In 1919 the eighteenth Amendment to the Constitution prohibited the manufacture, sale or transportation of “intoxicating liquors” in the United States and by 1933 the era of prohibition was over when the twenty-first Amendment rescinded it. Alcohol consumption was and is a social problem, but sometimes the government is not the right vehicle for dealing with them.
The United States is a huge market for what are deemed illegal drugs and, for many years, marijuana has been among them. That prohibition is now going the way of the earlier effort to make alcohol consumption illegal.

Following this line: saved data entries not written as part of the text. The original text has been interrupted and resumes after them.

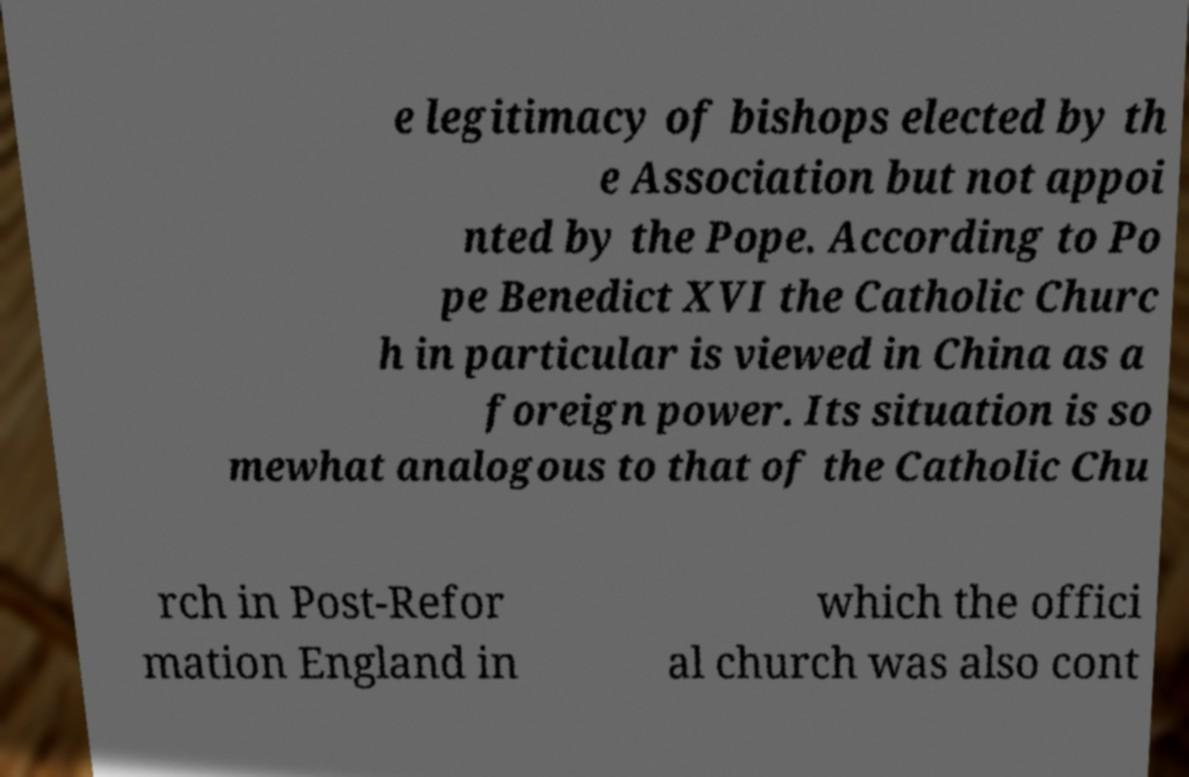Could you assist in decoding the text presented in this image and type it out clearly? e legitimacy of bishops elected by th e Association but not appoi nted by the Pope. According to Po pe Benedict XVI the Catholic Churc h in particular is viewed in China as a foreign power. Its situation is so mewhat analogous to that of the Catholic Chu rch in Post-Refor mation England in which the offici al church was also cont 
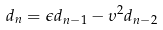<formula> <loc_0><loc_0><loc_500><loc_500>d _ { n } = \epsilon d _ { n - 1 } - \upsilon ^ { 2 } d _ { n - 2 }</formula> 
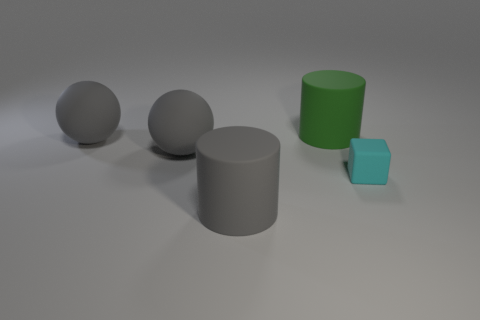Subtract all gray cylinders. How many cylinders are left? 1 Add 3 blocks. How many objects exist? 8 Subtract all spheres. How many objects are left? 3 Subtract all gray cylinders. Subtract all purple spheres. How many cylinders are left? 1 Subtract all cyan spheres. How many gray cylinders are left? 1 Subtract all green rubber objects. Subtract all cyan cubes. How many objects are left? 3 Add 5 cylinders. How many cylinders are left? 7 Add 3 tiny cyan things. How many tiny cyan things exist? 4 Subtract 1 cyan blocks. How many objects are left? 4 
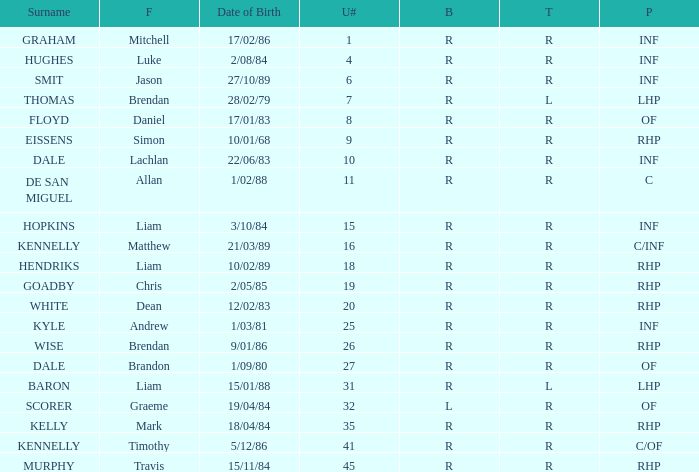Which batter has a uni# of 31? R. 
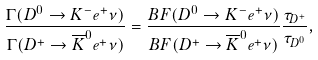Convert formula to latex. <formula><loc_0><loc_0><loc_500><loc_500>\frac { \Gamma ( D ^ { 0 } \rightarrow K ^ { - } e ^ { + } \nu ) } { \Gamma ( D ^ { + } \rightarrow \overline { K } ^ { 0 } e ^ { + } \nu ) } = \frac { B F ( D ^ { 0 } \rightarrow K ^ { - } e ^ { + } \nu ) } { B F ( D ^ { + } \rightarrow \overline { K } ^ { 0 } e ^ { + } \nu ) } \frac { \tau _ { D ^ { + } } } { \tau _ { D ^ { 0 } } } ,</formula>

Questions remain as to whether this is a good thing or not.
A study by the Columbia University Mailman School of Public Health whose results were released in February examined automobile deaths resulting from marijuana use while driving. The data was gathered from six states that perform toxicology tests on drivers involved in fatal accidents. It found that drugs played an increasing role in such accidents, accounting for more than 28% in 2010, 16% more than in 1999 and marijuana was the main drug involved in the increase, contributing to 12%, compared to only 4% in 1999.

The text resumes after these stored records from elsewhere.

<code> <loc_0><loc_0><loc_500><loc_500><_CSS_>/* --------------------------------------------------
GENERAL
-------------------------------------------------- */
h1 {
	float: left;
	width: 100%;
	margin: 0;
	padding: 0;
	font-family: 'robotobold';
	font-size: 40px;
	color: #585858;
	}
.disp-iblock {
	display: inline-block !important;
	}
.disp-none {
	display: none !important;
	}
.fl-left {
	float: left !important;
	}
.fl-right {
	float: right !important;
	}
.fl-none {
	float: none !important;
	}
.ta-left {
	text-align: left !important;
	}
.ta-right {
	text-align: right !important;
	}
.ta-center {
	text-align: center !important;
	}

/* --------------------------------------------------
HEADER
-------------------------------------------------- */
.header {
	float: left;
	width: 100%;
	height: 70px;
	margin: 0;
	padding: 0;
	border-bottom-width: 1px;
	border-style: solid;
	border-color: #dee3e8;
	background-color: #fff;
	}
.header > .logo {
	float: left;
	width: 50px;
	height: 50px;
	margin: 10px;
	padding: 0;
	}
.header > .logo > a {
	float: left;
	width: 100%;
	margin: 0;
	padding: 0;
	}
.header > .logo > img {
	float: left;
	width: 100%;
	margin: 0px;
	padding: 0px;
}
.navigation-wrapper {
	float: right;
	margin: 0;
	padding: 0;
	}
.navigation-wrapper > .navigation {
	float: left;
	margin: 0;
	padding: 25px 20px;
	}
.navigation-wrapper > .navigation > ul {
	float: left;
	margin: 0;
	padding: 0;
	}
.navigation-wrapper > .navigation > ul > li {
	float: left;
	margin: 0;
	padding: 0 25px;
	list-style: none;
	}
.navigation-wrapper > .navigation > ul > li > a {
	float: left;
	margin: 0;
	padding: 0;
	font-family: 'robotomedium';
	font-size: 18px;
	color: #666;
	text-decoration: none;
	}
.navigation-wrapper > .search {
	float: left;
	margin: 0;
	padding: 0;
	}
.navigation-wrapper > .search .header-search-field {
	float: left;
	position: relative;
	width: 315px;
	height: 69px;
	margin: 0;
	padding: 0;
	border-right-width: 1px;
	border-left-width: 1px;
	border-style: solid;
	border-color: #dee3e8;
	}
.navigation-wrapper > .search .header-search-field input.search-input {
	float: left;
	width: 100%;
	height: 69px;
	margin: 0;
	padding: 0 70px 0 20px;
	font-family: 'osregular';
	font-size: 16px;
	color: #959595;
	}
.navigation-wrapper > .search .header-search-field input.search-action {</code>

“Currently, one of nine drivers involved in fatal crashes would test positive for marijuana,” said Dr. Guohua Le, director of the Center for Injury Epidemiology and Prevention at Columbia. “If a driver is under the influence of alcohol, their risk of a fatal crash is 13 times higher than the risk of a driver who is not, but the driver under the influence of both alcohol and marijuana then increased to 24 times that of a sober person.”